Nel biennio in questione nascono anche i club politici che si radicano e si diffondono
sul territorio. Si tratta degli antenati dei partiti politici. Essi si danno uno statuto,
un’organizzazione, un programma cioè degli obiettivi da raggiungere. E hanno dei
responsabili.
La loro nascita è favorita dall’art.11 della Dichiarazione che stabilisce la libertà di
stampa che permette la circolazione delle idee sotto forma di giornali, manifesti,
riviste, volantini,…I principali gruppi politici sono:
- Cordiglieri: prendono il nome dal convento dei cordeliers (frati minori
conventuali). Tra i suoi esponenti di rilievo ricordiamo Danton, un avvocato e
Marat un medico. La loro posizione ideologica è repubblicana.
- Foglianti: prendono il nome dal convento circostanze in cui si riunivano. Sono
guidati da La Fayette e da Sieyès. Sono monarchici moderati e vogliono una
monarchia costituzionale.
- Giacobini: prendono il nome dal convento in via Saint-Jacques (Giacomo) in cui
si riunivano. Il massimo esponente è Robespierre che dall’iniziale posizione
monarchico costituzionale passa ad un repubblicanesimo radicale e
intransigente. Essi sono molto organizzati sul territorio: hanno più di 450
sezioni in tutta la Francia. All’interno dei giacobini si forma la corrente dei
girondini, guidati da Brissot, un avvocato, che appoggiano la borghesia
mercantile. I giacobini, invece, si legano ai sanculotti, cioè il popolo urbano di
Parigi.


E in tutto questo fermento politico il re cosa fa? Il re non firma nulla di tutto quello
che l’Assemblea Costituente propone ed elabora: la Francia tutta vuole la Costituzione
ma il re NON LA VUOLE!
Il re comincia a tramare contro la Rivoluzione e progetta di scappare, probabilmente
in Austria, dove già sono fuggiti molti nobili. Ma il 20/21 giugno del 1791 il re con la
famiglia abbandona segretamente Parigi ma a Varennes viene riconosciuto e
ricondotto a Parigi scortato da una folla sdegnata. Il prestigio della Corona è
definitivamente compromesso. Ora è un prigioniero politico reale e non più
simbolico!
Appare chiaro a tutti che il re non vuole la Costituzione. Si indebolisce il partito
monarchico e si rafforza quello repubblicano. Così, nel Campo di Marte, il 17 luglio
1791 il popolo chiede la destituzione del re. Ne nasce un’insurrezione che viene
sedata nel sangue dalla stessa Guardia Nazionale.
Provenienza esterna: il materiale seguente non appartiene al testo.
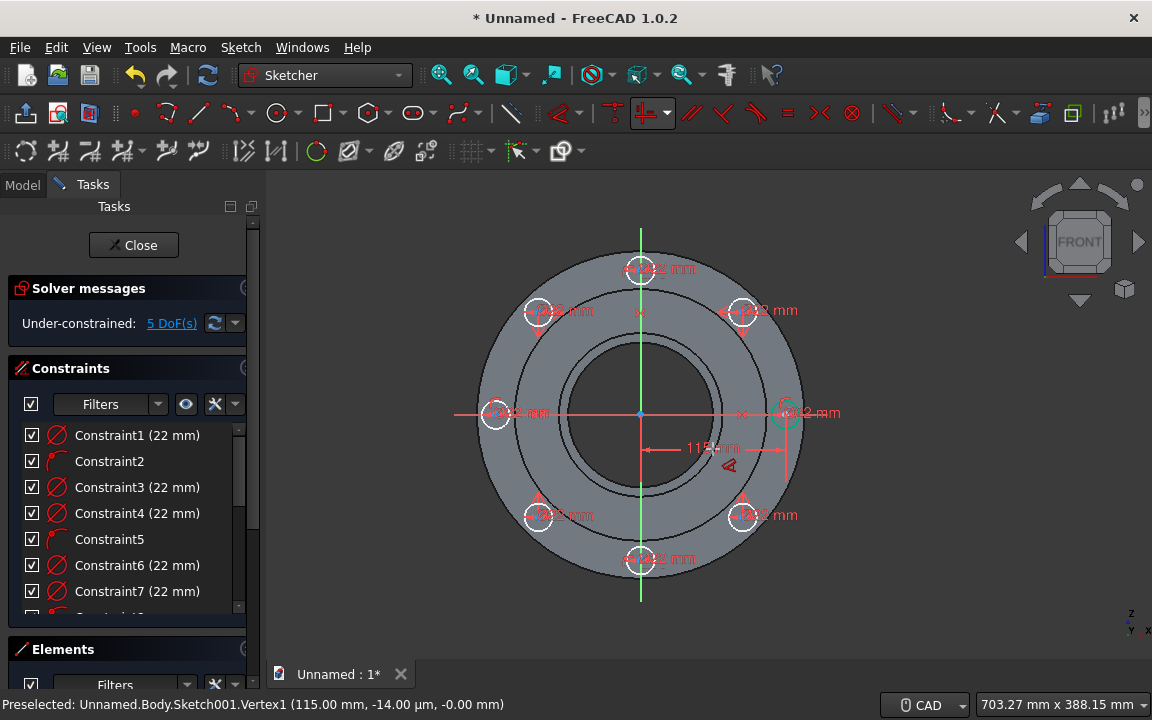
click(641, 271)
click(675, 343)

Il 3 settembre 1791 finalmente viene votata la Costituzione: la Francia è una
monarchia costituzionale. Si approvano tutti i provvedimenti elaborati. La
Costituzione afferma il principio che la sovranità deriva dalla nazione e non da Dio e
che i suoi poteri sono divisi (Locke):
- Potere esecutivo: spetta al re e ai suoi ministri;
- Potere legislativo: spetta all’Assemblea Legislativa che viene eletta ogni due
anni e che ha poteri di controllo sull’operato del governo;
- Potere giudiziario: spetta a magistrati che vengono regolarmente eletti

Il re la firma ma NON LA VUOLE!
Così il 1 ottobre 1791 l’Assemblea costituente si scioglie e lascia il posto all’Assemblea
legislativa che fatica non poco ad elaborare una linea politica forte perché il dibattito
tra le diverse anime della Rivoluzione continua ad essere acceso (illuminismo, deismo,
coinvolgimento del popolo, ruolo delle donne,…).
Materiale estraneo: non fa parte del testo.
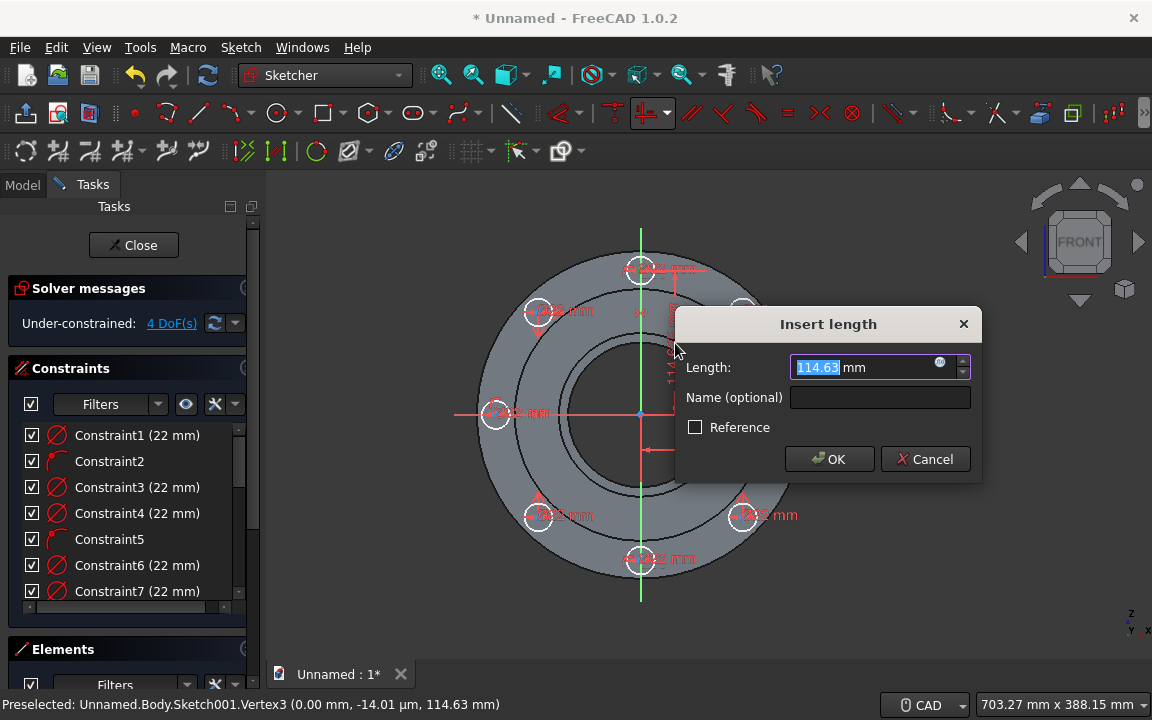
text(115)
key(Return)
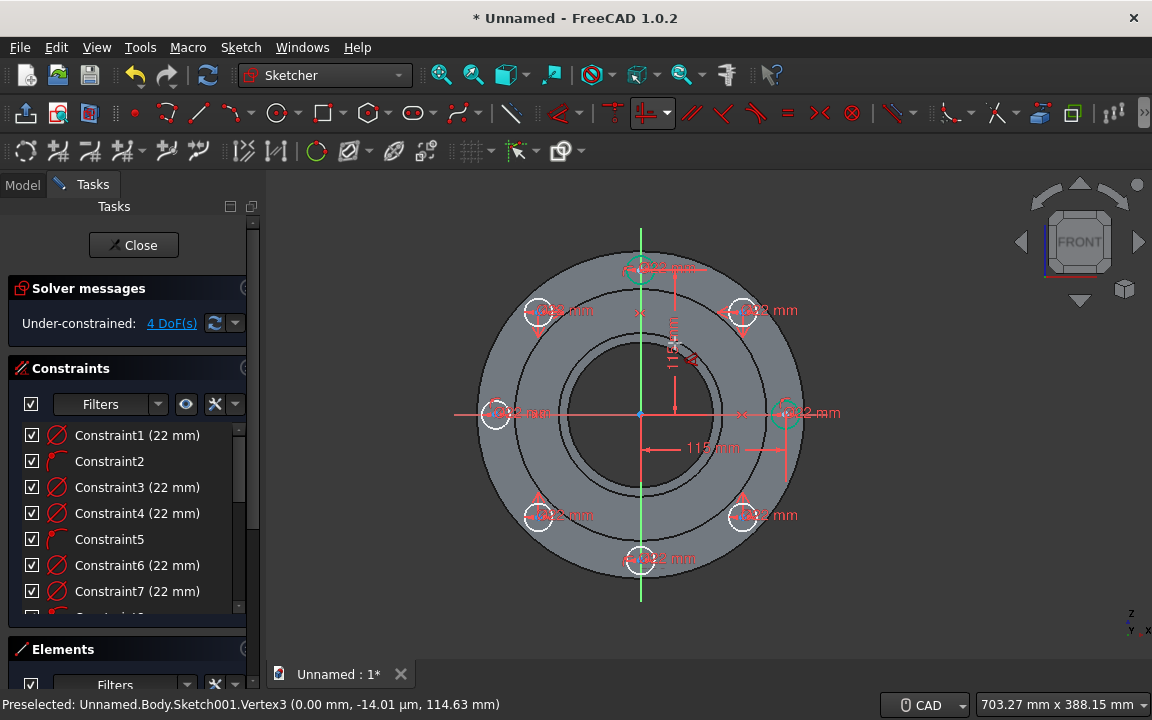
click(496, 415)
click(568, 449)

E nel frattempo i nobili fuoriusciti dal regno e rifugiatisi in Austria progettano una
controrivoluzione con l’aiuto della monarchia austriaca. Quando i rivoluzionari lo
vengono a sapere cominciano a discutere sulla guerra preventiva. Ci sono coloro che
sono favorevoli alla guerra (girondini e re) e chi è sfavorevole alla guerra come i
giacobini che temono l’avvento di una dittatura militare.
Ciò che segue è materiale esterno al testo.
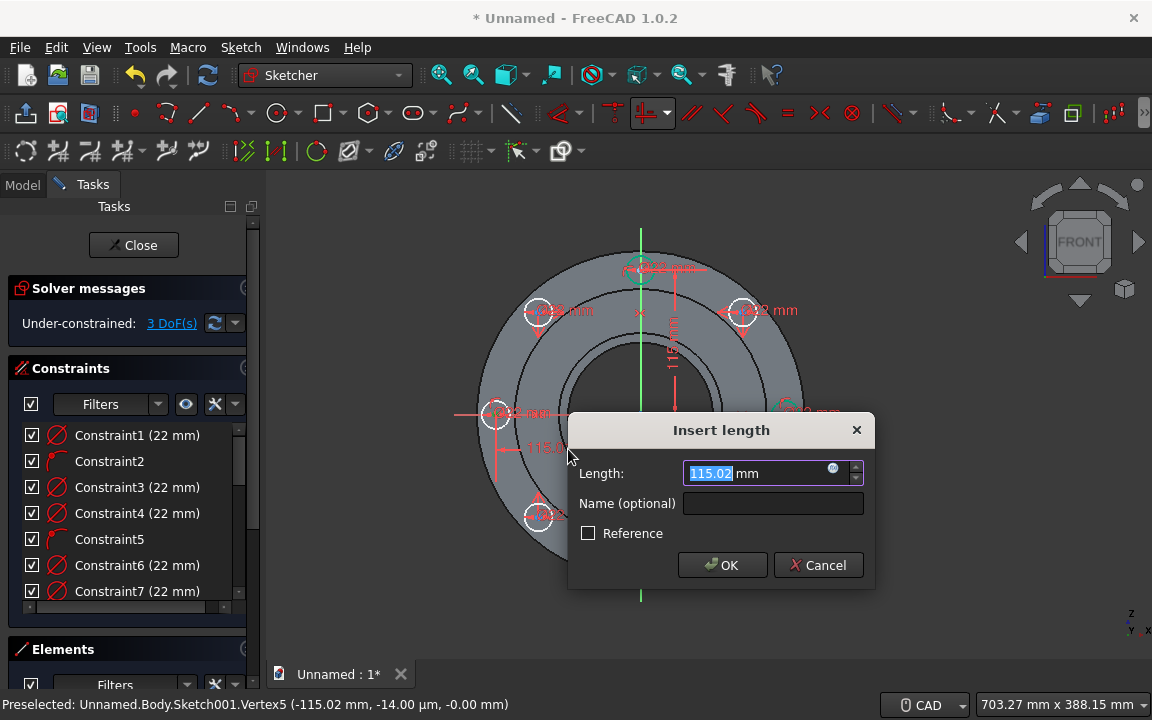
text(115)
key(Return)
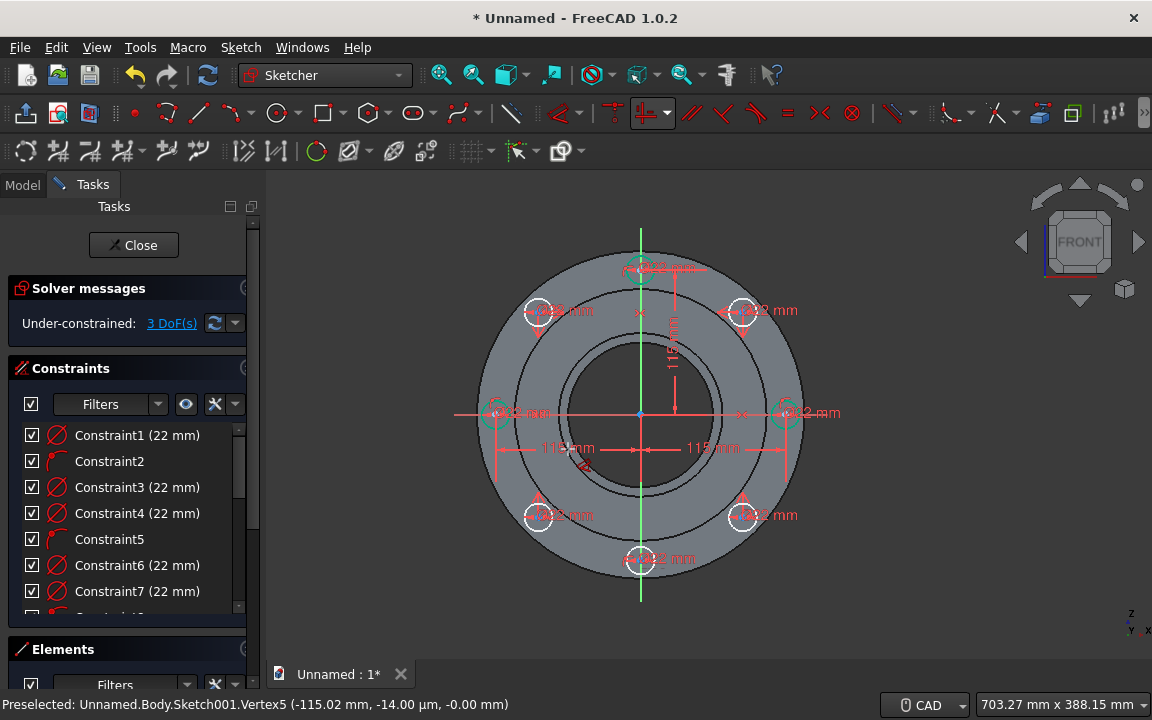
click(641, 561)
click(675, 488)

Il 20 aprile 1792 l’Assemblea vota quasi all’unanimità la Dichiarazione di guerra
all’Austria sostenuta dalla Prussia. Gli eventi bellici sono sfavorevoli alla Francia e
questo comincia ad alimentare le accuse di tradimento del re. La conferma si ha
quando l’Austria oltre a chiedere la resa incondizionata chiede che nulla di male venga
fatto al re e alla sua famiglia.
Il popolo parigino è furioso: assalta il palazzo del re massacrando le guardie svizzere
a sua difesa. Il re allora cerca rifugio nell’Assemblea che però, questa volta non lo
difende e lo dichiara decaduto dalle sue funzioni. Il re viene imprigionato nella
prigione del tempio.
È la fine della monarchia costituzionale.